Namun liputan terbaru dari peringatan 25 dan 30 tahun kasus tersebut berfokus pada segalanya kecuali novel itu sendiri, apakah politik internasional, refleksi oleh teman-teman, atau kehidupan seks sang penulis. Berapa banyak kecermelangan yang luput tanpa melihat tulisannya? Apa bedanya para pembaca dengan orang-orang fanatik seperti Khomeini jika mereka tetap puas dengan cuplikan tanpa konteks dan obrolan sambil lalu?
Rushdie menulis dalam memoarnya bahwa ketika teman-teman bertanya bagaimana mereka bisa membantu, dia memberi tahu mereka, “Perjuangkan teksnya.” The Satanic Verses memang berbicara tentang Islam, meski bukan sebagai kambing hitam. Sebaliknya, agama Abraham termuda itu berdiri sebagai kasus sesuatu yang baru, sesuatu yang tidak terverifikasi dan tidak stabil, menemani hal-hal baru dan yang tidak stabil lainnya — pemisahan India-Pakistan, reinkarnasi dan kelahiran kembali, rock ‘n’ roll, perselingkuhan dalam pernikahan — dalam buku yang membentuk satu perenungan panjang tentang kebaruan menjadi seorang imigran, tema utama dari novel ini.
Dengan cara ini, Rushdie juga bercermin pada dirinya sendiri, “menyebut” dirinya sendiri, sebagai seorang migran ke Inggris dari India, dengan resonansi yang menggemakan krisis pengungsi baru-baru ini di Eropa. Ia memohon kepada santo pelindung para migran, “dari semua orang buangan, semua orang yang tak tinggal di rumah” — yaitu Setan, yang dibuang pertama kali, yang wahyu-wahyunya, ayat-ayat Setan, konon dimasukkan ke dalam Quran bersama dengan dewa-dewa lain. Tetapi dengan ironi pahit seni yang meniru kehidupan, kontrak Faustian ala Rushdie menghidupkan penyusunnya dengan cara yang tak dia bayangkan, mencerminkan inti novel mengenai tema perubahan.

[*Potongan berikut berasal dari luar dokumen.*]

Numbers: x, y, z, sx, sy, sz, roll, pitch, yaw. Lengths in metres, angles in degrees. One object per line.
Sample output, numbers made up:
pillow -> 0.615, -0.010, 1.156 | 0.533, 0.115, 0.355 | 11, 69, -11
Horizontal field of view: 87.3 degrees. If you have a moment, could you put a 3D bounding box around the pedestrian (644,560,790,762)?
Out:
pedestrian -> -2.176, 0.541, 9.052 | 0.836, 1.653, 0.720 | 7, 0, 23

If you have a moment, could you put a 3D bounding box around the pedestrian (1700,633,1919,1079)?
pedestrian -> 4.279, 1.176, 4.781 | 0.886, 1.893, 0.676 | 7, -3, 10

Apa sebenarnya isi novel The Satanic Verses?
Rushdie menggambarkan The Satanic Verses sebagai hal tersulit yang pernah ia tulis. “Aku menganggap novel itu sebagai monster besar yang sedang kugeluti,” katanya kepada Vanity Fair pada 2014. “[Ketika novel itu selesai,] aku benar-benar kelelahan.”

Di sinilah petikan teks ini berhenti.